Sin ir más lejos, el alcalde de San Vicente de Palacio, Miguel García, reconoce que abandonó la afiliación del partido hace más de un año y medio debido a una disparidad de criterios. Desde entones no ha asistido a las reuniones del partido y tampoco muestra interés por las directrices que se puedan marcar desde la formación que lidera Inés Arrimadas. «Me voy a presentar por el PP y no tengo tiempo para ir a las reuniones de Ciudadanos». Deja claro que en los pueblos pequeños como el suyo, con unos 150 vecinos censados, lo importante no es el partido por el que se presenta cada uno. «Se vota a la persona y no al partido». Así, deja claro que sin dejar de mirar por su pueblo, cambiará sus miras políticas hacia el PP. 

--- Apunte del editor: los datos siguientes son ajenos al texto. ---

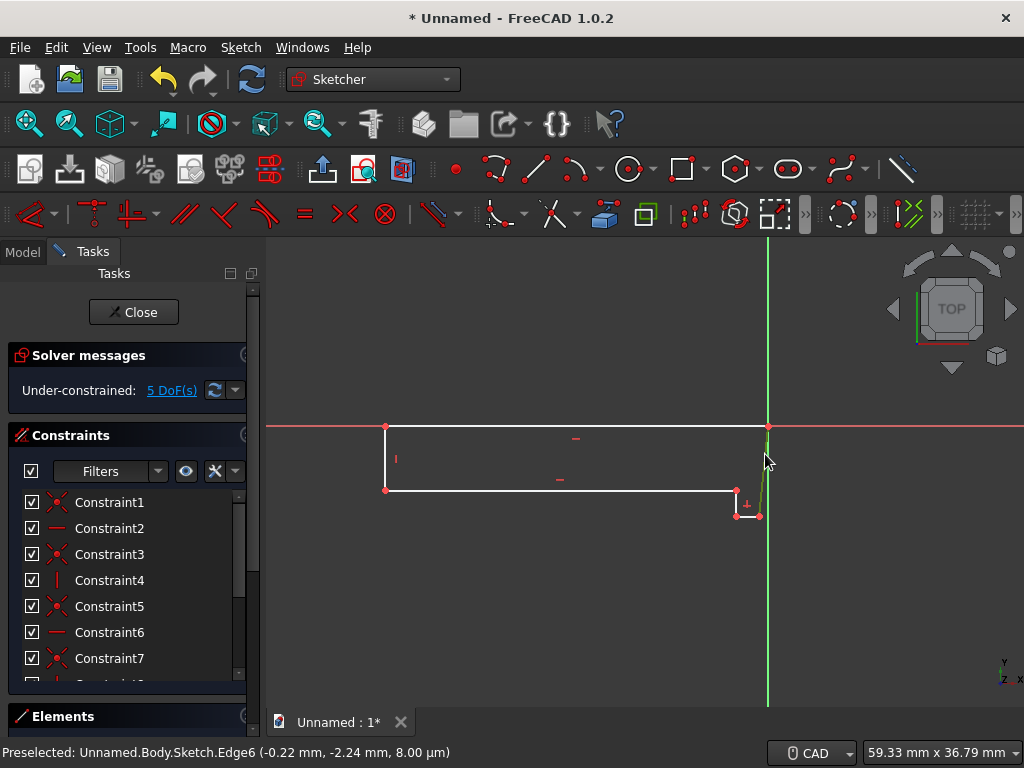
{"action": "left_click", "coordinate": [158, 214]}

La alcaldesa de Amusquillo, Nuria Duque, sí es afiliada. También se mantiene fiel el regidor de Valbuena de Duero. En estos dos casos parece claro que pueden continuar, al menos de momento. Duque es diputada provincial y ello le refuerza su compromiso y la confianza del partido en ella, mientras que también parece poco probable que pueda cambiar la situación de Augusto Rodríguez por circunstancias personales del regidor de Valbuena. 

No ocurre lo mismo en el caso de Esguevillas de Esgueva. «Empezamos muy bien, pero vamos a acabar muy mal», reconoce su alcaldesa, Rosa Ana Alba. «Tengo claro que en el caso de presentarme a las siguientes elecciones no será por Ciudadanos. Lo que no puede ser es que vengan cuando falten cinco o seis meses para tener sus listas preparadas». Alba apunta que se ha sentido completamente abandonada durante este mandato. «Yo eliminé mi afiliación al partido en el primer año de mandato. Para estar abandonada, al menos no era afiliada. Ahora estoy como alcaldesa de Ciudadanos, pero independiente». «Veo difícil que dentro de dos años, en las siguientes elecciones, exista Ciudadanos».

Los pueblos de Manzanillo y Valverde de Campos cuentan con menos de cien habitantes y la elección de alcalde se realiza de forma directa en los comicios.

Por último, en Villaverde de Medina y Santovenia de Pisuerga habría que esperar a ver si la actual alcaldesa, Patricia Hernández, quiere repetir (está más vinculada al PSOE) y si Bernardo Canedo es capaz de volver a ser alcalde (ahora lo es pese a ser la formación menos votada en la corporación).

Con este panorama, el futuro de Ciudadanos en la provincia no es nada halagüeño y mucho menos en los municipios donde obtuvieron mayor respaldo en las pasadas elecciones, algo que tendrá difícil de repetir en los próximos comicios.